Prödl schießt Werder zum Sieg

Spektakulärer Treffer ins Kreuzeck sichert 2:1 bei Ivanschitz' Mainz 05.

Sebastian Prödl hat am Samstag sein erstes Tor in der deutschen Fußball-Bundesliga erzielt. Der Steirer, der in der Vorsaison schon im UEFA-Cup seine Visitenkarte abgegeben hatte, schoss den 2:1-Siegestreffer von Werder Bremen auswärts gegen den FSV Mainz 05, wodurch die Norddeutschen bis auf einen Punkt auf den Europa-League-Platz fünf herankamen. Auf der Gegenseite wurde Andreas Ivanschitz in der 34. Minute aus taktischen Gründen ausgewechselt, weil seine Mannschaft nach Rot für Heller ab der 14. Minute nummerisch geschwächt war.

Fehler ausgebügelt
Prödl war in der 27. Minute für den enttäuschenden Abdennour eingetauscht worden und bejubelte zunächst in der 32. Minute die Führung für Werder durch Hunt. Allerdings hatte der nicht für das ÖFB-Team nominierte Verteidiger, der rechts in der Viererkette agierte, eine Mitschuld am 1:1 durch Bance kurz vor der Pause, das von einem Fehlpass des 22-Jährigen eingeleitet wurde. In der 50. Minute folgte dann der große Auftritt von Prödl, als er Fathi im Strafraum aussteigen ließ und mit links genau ins Kreuzeck traf.

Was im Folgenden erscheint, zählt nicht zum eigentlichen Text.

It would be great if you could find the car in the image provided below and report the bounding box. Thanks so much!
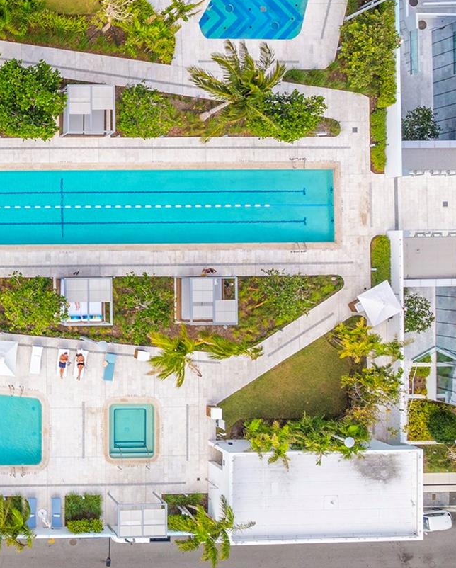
[425,509,455,533]
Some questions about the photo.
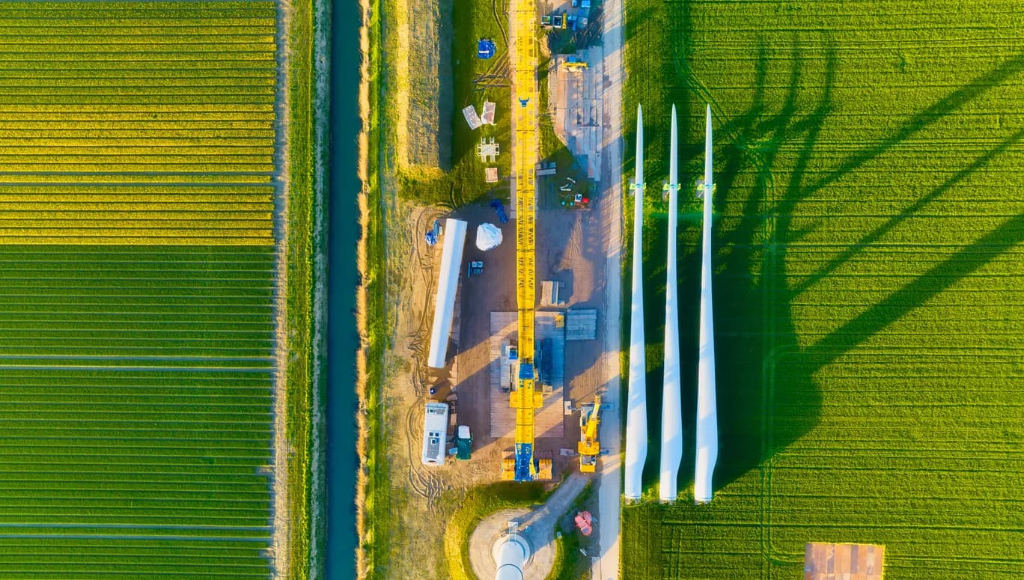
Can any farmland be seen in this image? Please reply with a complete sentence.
Yes, the picture does contain farmland.
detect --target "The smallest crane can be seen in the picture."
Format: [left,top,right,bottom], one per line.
[560,392,616,473]
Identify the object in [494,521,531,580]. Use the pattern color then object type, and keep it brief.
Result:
white wind turbine
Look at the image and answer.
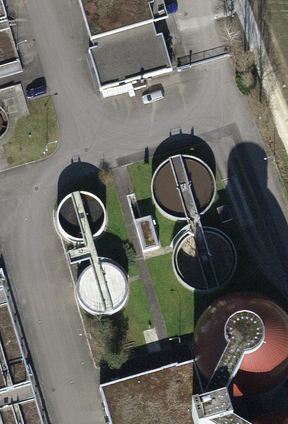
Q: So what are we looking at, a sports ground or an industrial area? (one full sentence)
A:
What you see here is an industrial area.
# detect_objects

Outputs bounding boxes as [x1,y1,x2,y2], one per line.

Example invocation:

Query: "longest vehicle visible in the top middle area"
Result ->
[142,90,165,104]
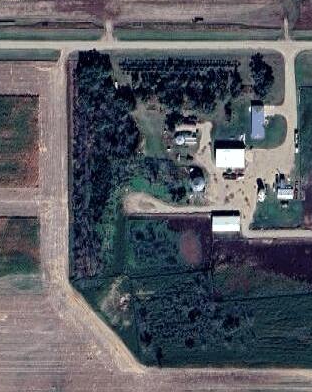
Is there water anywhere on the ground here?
No
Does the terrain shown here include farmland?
Yes
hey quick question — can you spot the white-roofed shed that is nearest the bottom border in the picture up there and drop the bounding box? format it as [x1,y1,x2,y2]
[212,216,241,232]
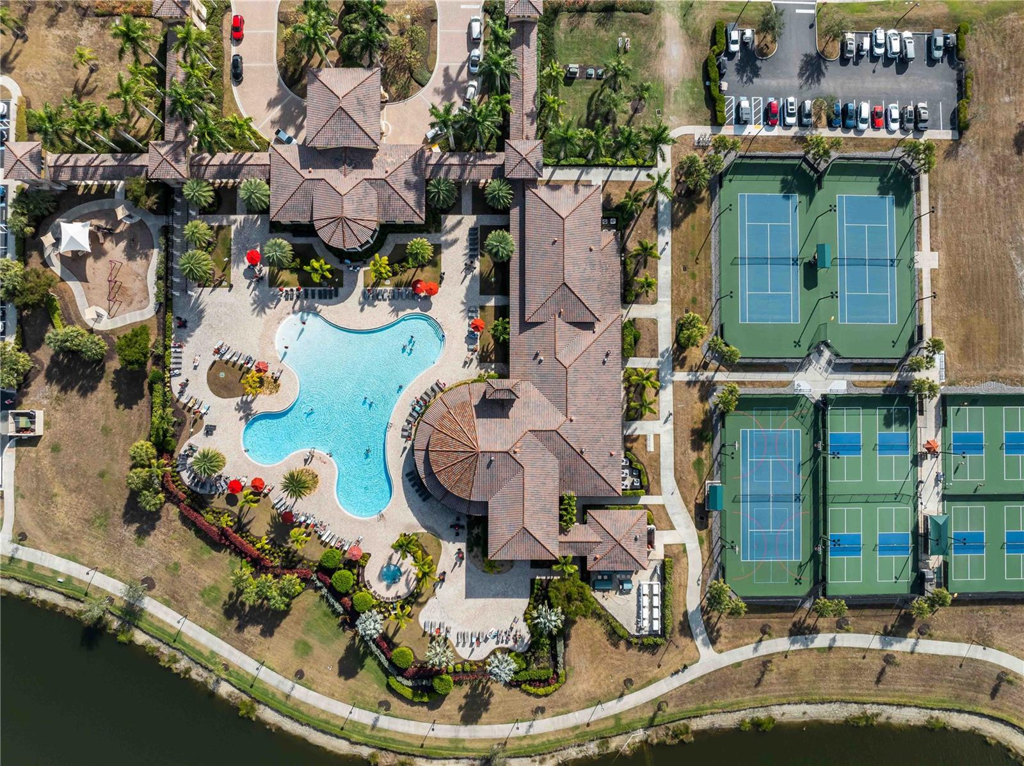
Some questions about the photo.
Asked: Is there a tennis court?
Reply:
Yes
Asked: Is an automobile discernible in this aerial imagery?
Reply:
Yes
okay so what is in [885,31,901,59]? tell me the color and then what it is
white car
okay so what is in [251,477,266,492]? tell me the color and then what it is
red umbrella
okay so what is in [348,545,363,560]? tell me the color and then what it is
red umbrella
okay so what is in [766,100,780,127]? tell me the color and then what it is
red car
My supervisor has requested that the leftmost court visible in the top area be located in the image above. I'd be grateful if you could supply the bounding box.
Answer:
[721,158,818,357]
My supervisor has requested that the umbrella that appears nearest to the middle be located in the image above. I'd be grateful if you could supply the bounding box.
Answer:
[470,318,485,333]
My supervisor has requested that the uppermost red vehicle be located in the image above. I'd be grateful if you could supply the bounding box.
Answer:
[231,14,245,41]
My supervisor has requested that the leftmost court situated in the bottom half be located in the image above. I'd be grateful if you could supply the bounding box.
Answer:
[723,395,820,596]

Punkte für Ibertsberger, Fuchs
Ein Erfolgserlebnis gab es auch für Andreas Ibertsberger, der auswärts gegen Schlusslicht Hertha BSC 2:0 siegte. Christian Fuchs erreichte mit dem VfL Bochum daheim gegen den Tabellen-16. Nürnberg ein 0:0, die Bochumer wahrten damit ihren Neun-Punkte-Polster auf den Relegationsplatz.

Korkmaz bei Niederlage eingewechselt
Ümit Korkmaz, der vor vier Wochen einen doppelten Jochbeinbruch erlitten hatte, wurde mit Gesichtsmaske bei der 1:2-Auswärtsniederlage seines Clubs Eintracht Frankfurt gegen den VfB Stuttgart in der 56. Minute eingewechselt. Matchwinner für die Schwaben war einmal mehr Cacau, der im Doppelpack traf und damit binnen einer Woche sieben Treffer erzielte.

Leverkusen nur remis
Bayer Leverkusen hat trotz einer Nullnummer den historischen Bundesligarekord perfekt gemacht. Mit dem 0:0 gegen den 1. FC Köln verlängerte die Fußball-Werkself ihre beeindruckende Serie auf 24 Spiele ohne Niederlage. Bayer-Trainer Jupp Heynckes war mit dem jetzigen Leverkusener Titel-Rivalen Bayern München in der Saison 1988/1989 vom Start weg 23 Mal ungeschlagen geblieben.

Vor über 30.000 Zuschauern in der ausverkauften BayArena verpassten die Leverkusener am Samstagabend allerdings im 50. Erstliga-Duell der rheinischen Rivalen den siebenten Bundesliga-Heimsieg in Folge. Mit einem Erfolg gegen den HSV kann der FC Bayern München Bayer am Sonntag an der Spitze ablösen. "Wir sind schon sehr enttäuscht", sagte Leverkusens Stürmer Stefan Kießling. "Wenn die mit Mann und Maus hinten stehen, ist es schwierig, durchzukommen."